-- How to complete this task --
All pictures must be dropped, while the entries are given again word for word.

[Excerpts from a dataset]

══════════════════════════════

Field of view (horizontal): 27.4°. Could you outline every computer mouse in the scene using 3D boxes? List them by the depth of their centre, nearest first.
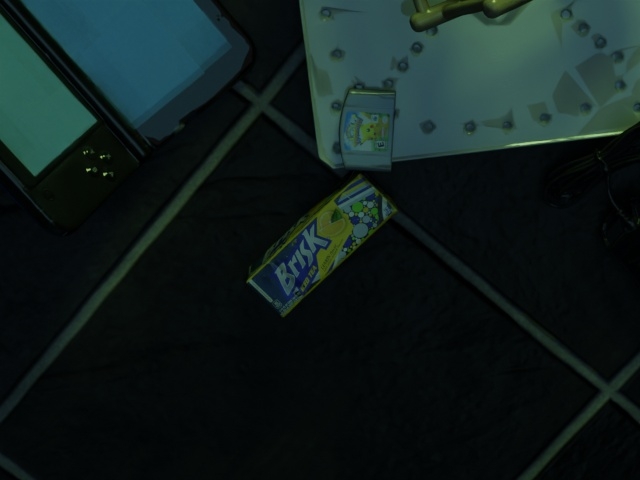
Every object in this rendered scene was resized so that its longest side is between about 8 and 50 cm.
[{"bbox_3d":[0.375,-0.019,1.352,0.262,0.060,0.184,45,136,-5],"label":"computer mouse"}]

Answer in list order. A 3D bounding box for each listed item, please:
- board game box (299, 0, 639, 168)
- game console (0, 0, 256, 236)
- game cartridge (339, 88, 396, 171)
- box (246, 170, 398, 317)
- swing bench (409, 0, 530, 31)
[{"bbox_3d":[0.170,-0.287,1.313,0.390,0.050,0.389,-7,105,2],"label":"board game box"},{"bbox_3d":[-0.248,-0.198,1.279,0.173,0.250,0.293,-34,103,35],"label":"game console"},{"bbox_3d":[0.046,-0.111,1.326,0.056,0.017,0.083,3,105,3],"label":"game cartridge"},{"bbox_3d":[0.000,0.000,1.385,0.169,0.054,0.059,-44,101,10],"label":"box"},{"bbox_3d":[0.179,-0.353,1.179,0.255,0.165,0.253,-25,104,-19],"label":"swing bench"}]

══════════════════════════════

-- Exercise output --
Field of view (horizontal): 27.4°. Could you outline every computer mouse in the scene using 3D boxes? List them by the depth of their centre, nearest first.
Every object in this rendered scene was resized so that its longest side is between about 8 and 50 cm.
[{"bbox_3d":[0.375,-0.019,1.352,0.262,0.060,0.184,45,136,-5],"label":"computer mouse"}]

Answer in list order. A 3D bounding box for each listed item, please:
- board game box (299, 0, 639, 168)
- game console (0, 0, 256, 236)
- game cartridge (339, 88, 396, 171)
- box (246, 170, 398, 317)
- swing bench (409, 0, 530, 31)
[{"bbox_3d":[0.170,-0.287,1.313,0.390,0.050,0.389,-7,105,2],"label":"board game box"},{"bbox_3d":[-0.248,-0.198,1.279,0.173,0.250,0.293,-34,103,35],"label":"game console"},{"bbox_3d":[0.046,-0.111,1.326,0.056,0.017,0.083,3,105,3],"label":"game cartridge"},{"bbox_3d":[0.000,0.000,1.385,0.169,0.054,0.059,-44,101,10],"label":"box"},{"bbox_3d":[0.179,-0.353,1.179,0.255,0.165,0.253,-25,104,-19],"label":"swing bench"}]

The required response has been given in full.